On Sun, 23 Apr 2006, John O'Donnell wrote:

> Thanks for the reply Alan!
> 
> Yeah I kinda figured it wouldnt be as easy as a problem with a USB adapter I 
> bought last night (SanDisk SDDR-103) that doesnt seem to detect the Write 
> Protect flag correctly.  I had to change the source in 2.6.15.4 that I 
> upgraded 
> to this week to ignore that bit.  I thought that used to be a kernel option?

There was for a while a kernel option to avoid checking the write-protect
bit altogether, because some devices didn't seem to like it.  That problem
hasn't been bothering people, so the option was removed.

Are you saying that the SDDR-103 reports the write-protect setting
wrongly, or that Linux interprets the reported value wrongly?

> Anyway, but I get sidetracked.  Unmounting?  I have been admin + programming 
> Unix variants for 20 years ;-)  Slackware Linux is my only OS at the moment. 
> Yes I am careful plus I use the "sync" option so I dont have to wait when I 
> unmount for the buffers to flush.

That quite likely is your problem.  "sync" doesn't mix well with flash
devices like MP3 players.  Also, the behavior of the VFAT filesystem
driver with regard to the "sync" option changed around the time frame you
mentioned (2.6.12 or so).  For more information, look here:

        http://bugzilla.kernel.org/show_bug.cgi?id=4882

> No errors in dmesg but I have CONFIG_USB_STORAGE_DEBUG off.  Should I enable 
> that?  (stupid question)...  Although I did have that on at one time and dont 
> recall seeing any error messages.  But I just compiled up a new module with 
> that on and am loading it.  Getting ready to trash this thing yet again with 
> 2.6.15.  Fresh battery....  Turned on.... Plug it in...  remove old module... 
> load new...  WOW!  That is a lot of verbose output...  I havent even mounted 
> it 
> yet. LOL
> 
> T:  Bus=01 Lev=01 Prnt=01 Port=03 Cnt=01 Dev#= 52 Spd=480 MxCh= 0
> D:  Ver= 2.00 Cls=00(>ifc ) Sub=00 Prot=00 MxPS=64 #Cfgs=  1
> P:  Vendor=4102 ProdID=1108 Rev= 0.01
> S:  Manufacturer=iRiver Limited.
> S:  Product=IFP-800 HIGH SPEED
> C:* #Ifs= 1 Cfg#= 1 Atr=80 MxPwr=100mA
> I:  If#= 0 Alt= 0 #EPs= 2 Cls=08(stor.) Sub=06 Prot=50 Driver=usb-storage
> E:  Ad=81(I) Atr=02(Bulk) MxPS= 512 Ivl=0ms
> E:  Ad=01(O) Atr=02(Bulk) MxPS= 512 Ivl=0ms

Nothing there to suggest any problems.

> I am gonna erase the FS since this is the messed up one and let the iRiver 
> format itself.  Unplug.
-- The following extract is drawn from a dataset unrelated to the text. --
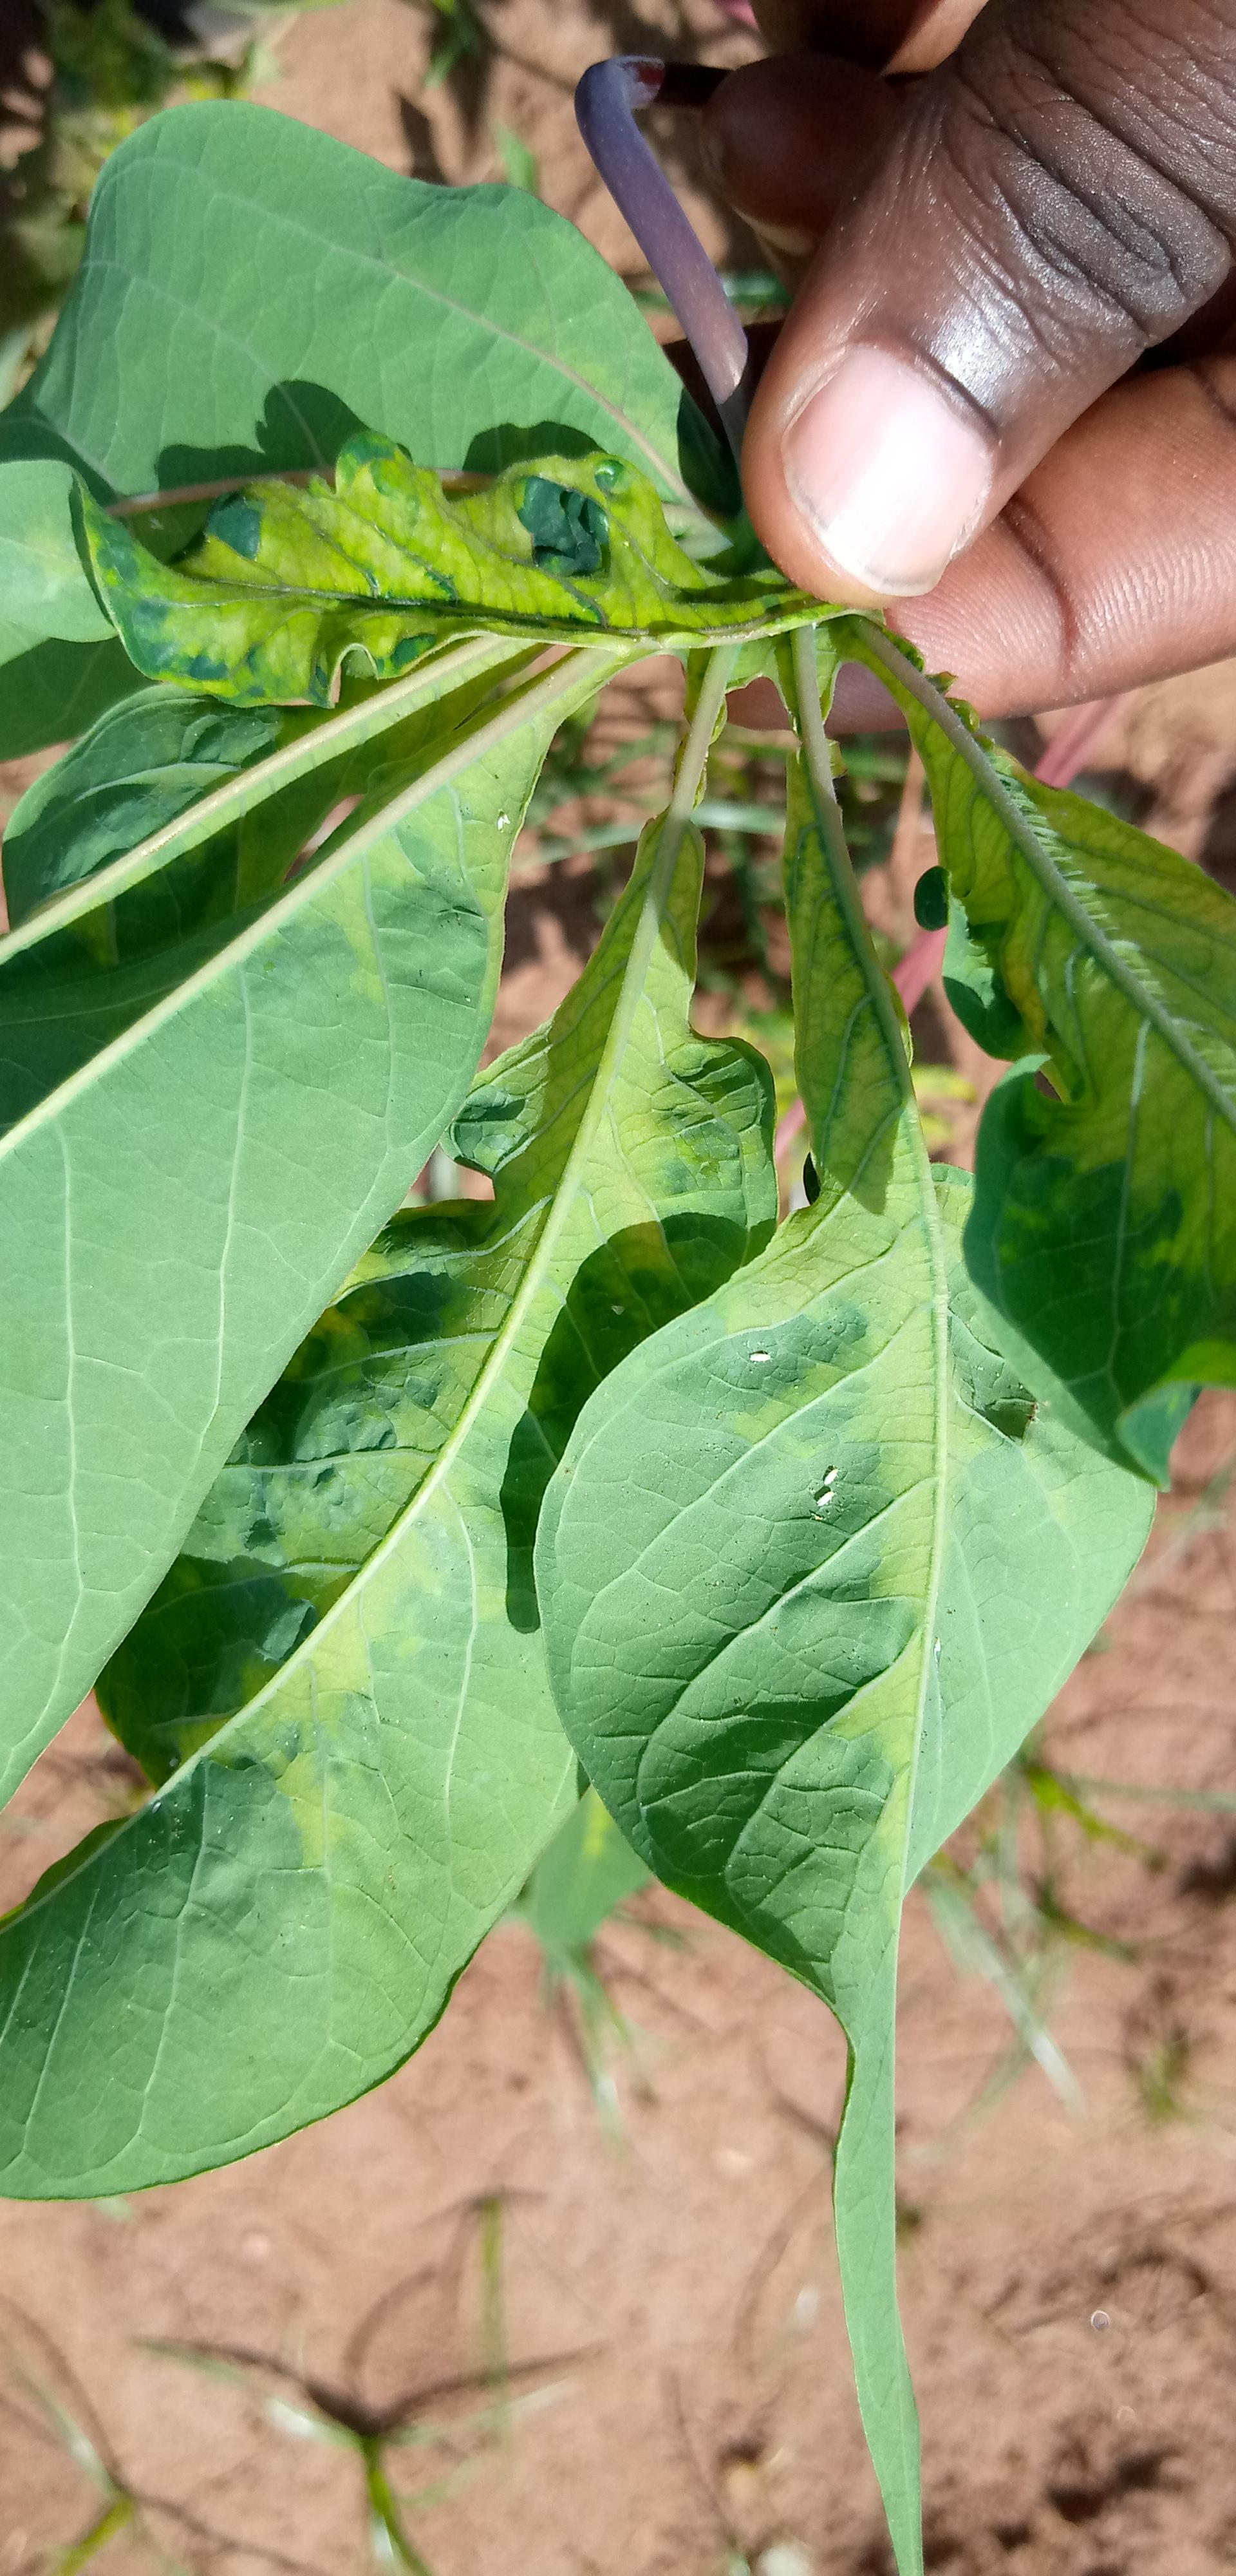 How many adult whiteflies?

6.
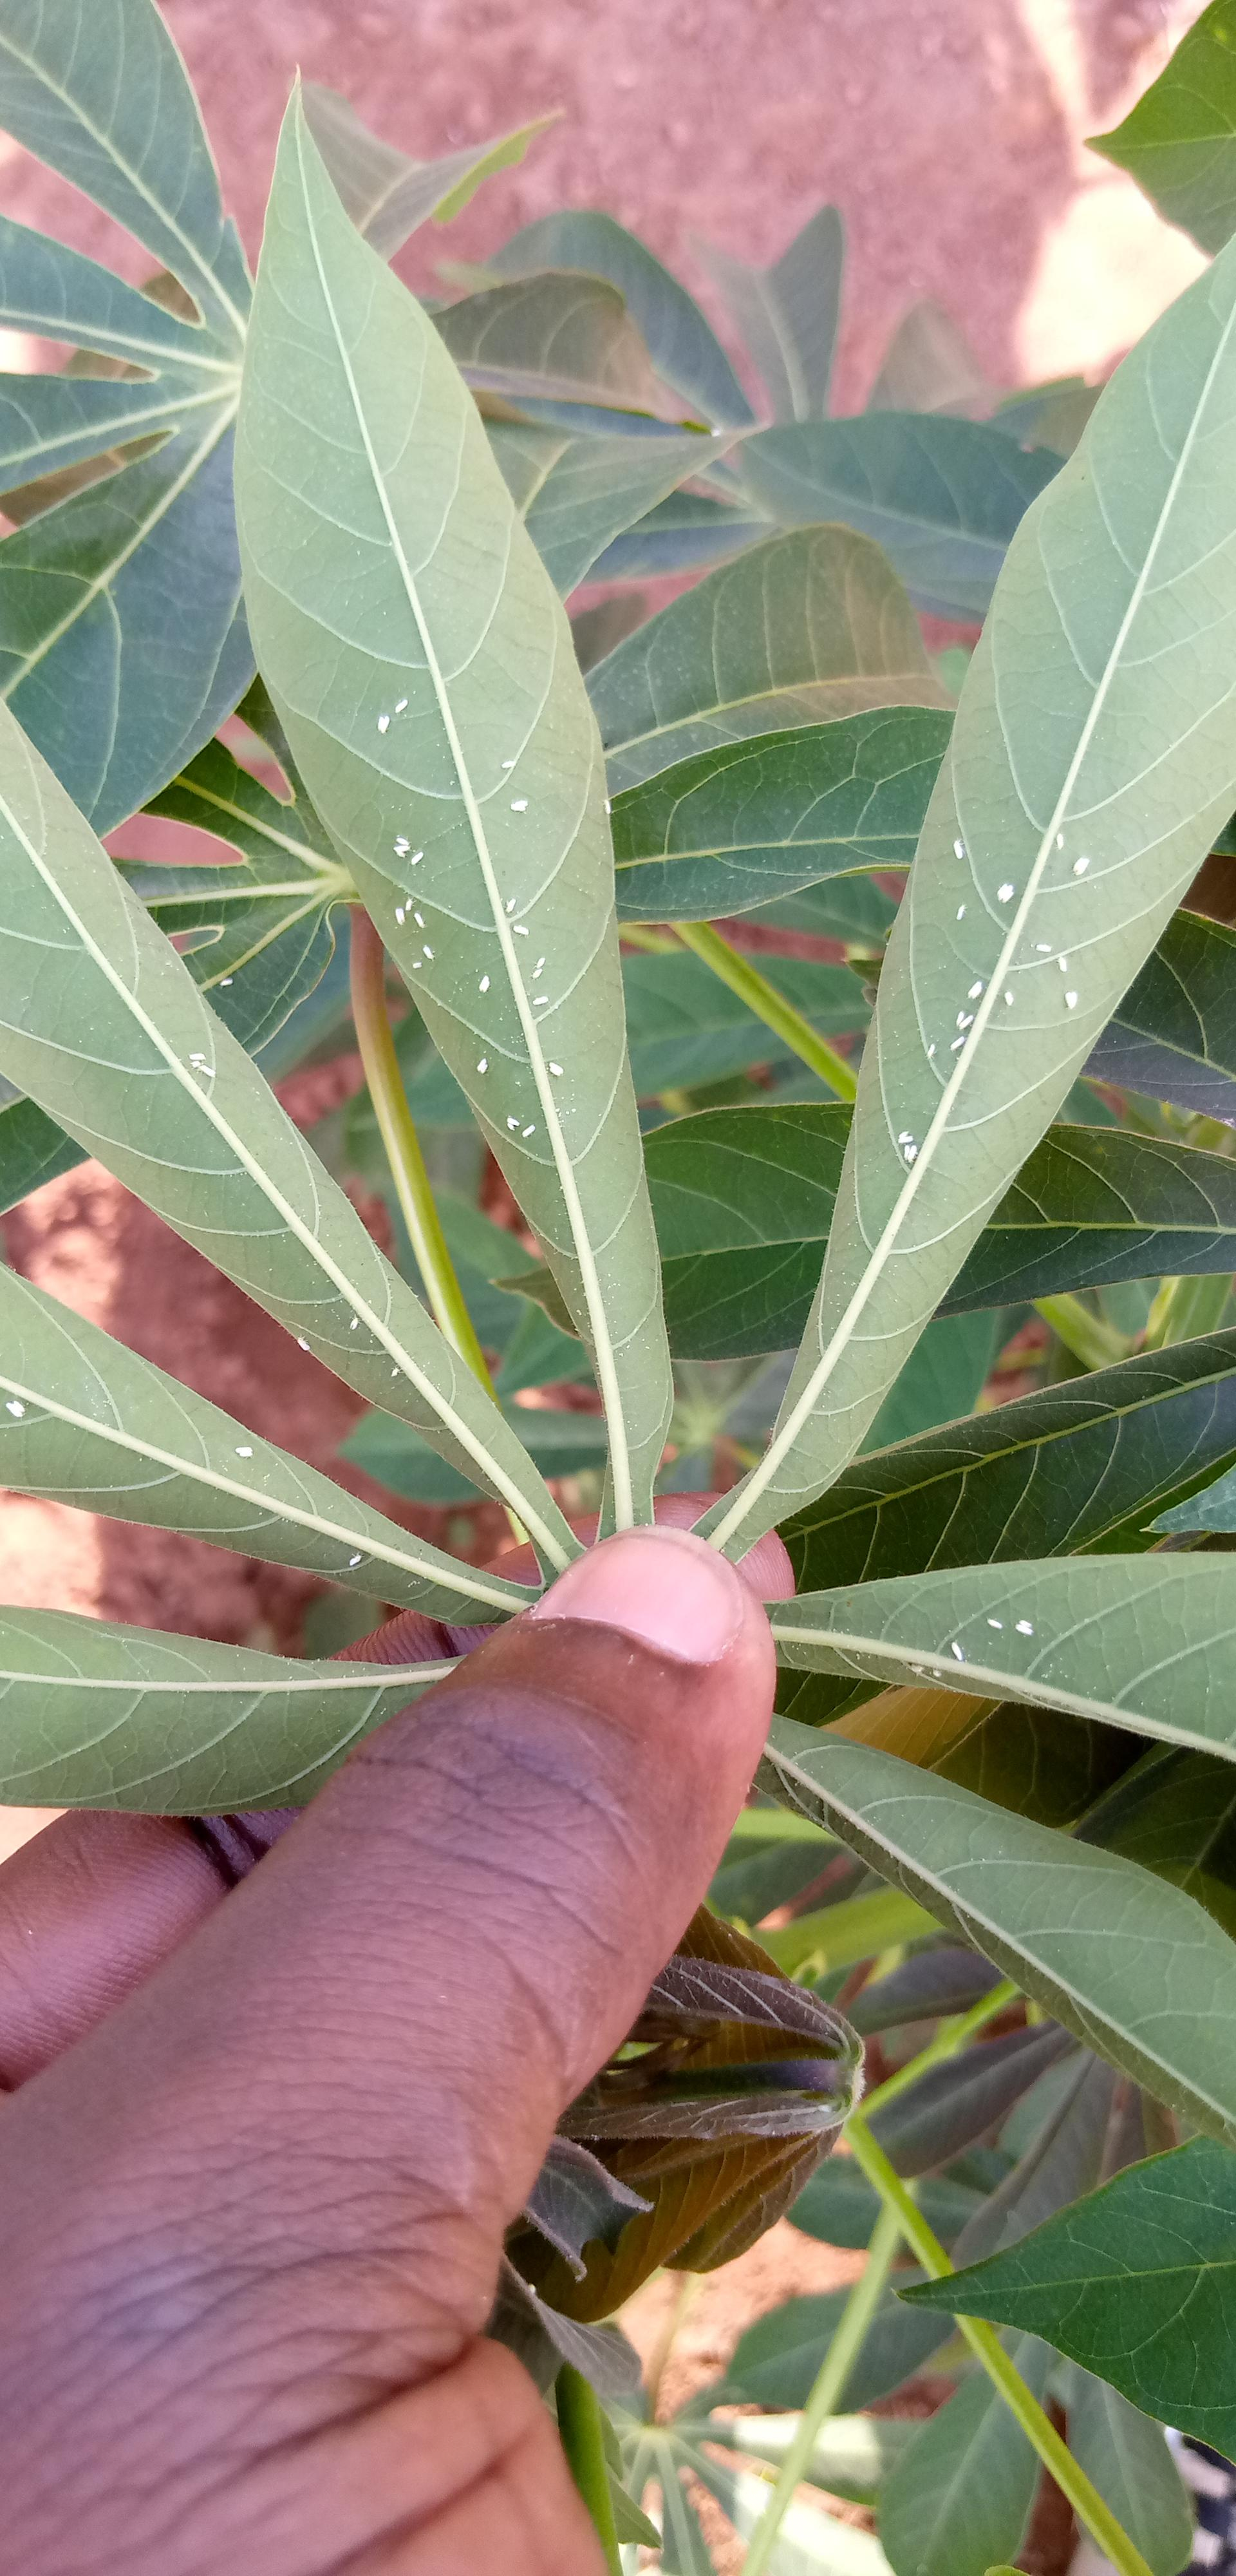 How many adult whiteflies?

69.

Format. 100%. Rebooting iRiver.  No Files.  Replug 
> and 
> lets rock!
> 
> fstab:
> /dev/sde        /mnt/iriver     vfat            noauto,sync
> 
> all the dmesg output is getting sent to /usr/adm/debug I see...
> 909.3 MB 164k/sec?!?  1 hour 34 mins?!  Oh yeah - I forgot the old 2.6.11 was 
> faster too.  Another problem I forgot....

That also is a result of the change to the way "sync" behaves.

> I was just writing 700k/sec to that SanDisk I mentioned above.  Both these 
> devices are USB 2.0 as you can see on the iRiver output above.  But with 
> every 
> kernel after the 2.6.11 only the iRiver is slow.
> 
> whew... I am going out to dinner and let this finish and bring in my XP 
> laptop 
> to do a chkdsk when this is done.
> 
> 102 MB of 909 MB 1:25:51 remaining - ugh

Try mounting without "sync".  I bet it will make a huge difference.